I do think there are ethical dimensions to these questions, and it is difficult to chase down all of the consequences. Let’s say an intervention is highly cost-effective or cost-saving. This can, as you say, encourage higher prices for the drug itself than would be the case if the intervention were found to be less cost-effective. Two points here: First, there is a logic to more effective and more cost-effective therapies commanding a higher price. As long as they are not so high that they discourage payers from accepting them, this is a sensible alignment of incentives. But secondly, what is the alternative? In the absence of credible economic analyses, payers will be reluctant to make the treatment available at all. How is that ethical? Analysts can’t choose which results to make public based on their assessment of the downstream consequences. That would undermine trust in the entire enterprise of transparent, rigorous analysis for the allocation of health care resources.
Now let’s take the opposite case and suppose that a PAT is found to be a poor use of money compared with feasible alternatives, i.e., that money could better be deployed on more effective (or less cost) interventions. In that case, society benefits from that knowledge both financially and in health outcomes. But undoubtedly there would be some people who would have benefited from that uneconomical PAT. As is the case in public health generally, we should usually (but emphatically not always!) be guided by utilitarian principles that look to maximizing overall societal net benefit.

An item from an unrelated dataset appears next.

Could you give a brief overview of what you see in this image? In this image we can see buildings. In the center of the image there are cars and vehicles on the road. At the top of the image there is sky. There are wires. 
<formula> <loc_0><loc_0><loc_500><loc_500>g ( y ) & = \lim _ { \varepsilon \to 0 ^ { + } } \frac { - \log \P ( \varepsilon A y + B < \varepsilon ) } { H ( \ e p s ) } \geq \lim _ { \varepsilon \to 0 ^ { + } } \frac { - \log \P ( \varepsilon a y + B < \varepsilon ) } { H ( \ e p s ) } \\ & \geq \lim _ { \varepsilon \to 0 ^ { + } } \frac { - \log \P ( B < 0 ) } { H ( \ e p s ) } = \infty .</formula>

We have talked a lot about mental health indications like PTSD, but are there other conditions that you believe might be very clearly cost-effective when it comes to psychedelic therapies?
I don’t want to get ahead of the more definitive clinical data which will be coming out on a variety of psychedelic treatments over the coming months and years, but the interim findings from Matthew Johnson’s work at JHU on psilocybin for smoking cessation look extremely promising from a cost-effectiveness point of view. The superior cessation rates compared with standard-of-care nicotine patches, combined with the huge disease burden associated with smoking, suggests likely favorable cost-effectiveness.
The same may be true for alcohol use disorder based, in particular, on the recent paper from Michael Bogenschutz at NYU. (Editor’s note: we covered this study in a recent Bulletin.)
To end, can you share one thing that you’re concerned about re: the future of psychedelic medicine, and one thing that makes you especially excited?
Via exposure to psychedelic therapies, and also via the thoughtful use of psychedelics in non-clinical settings, millions of people in the U.S. and elsewhere will make contact with the numinous. This is indeed exciting. It will have consequences that are impossible to predict; but they will be profound and, in my view, are likely to be positive.
One of the things I’m concerned about is how we will care for people who, despite appropriate screening and post-trip integration sessions, are destabilized by the psychedelic experience. This may be a small portion of people exposed to psychedelics in clinical settings, but a small portion of a very large number is a large number. We have an ethical obligation to provide additional support to these people. And as a practical matter it may take only a few such incidents to be covered in the media, to shift the currently favorable climate of public opinion on psychedelics in a more negative direction. I am not a clinician and have no practical suggestions to offer, but I have heard too little discussion of this potential problem, and believe we need to get ahead of it.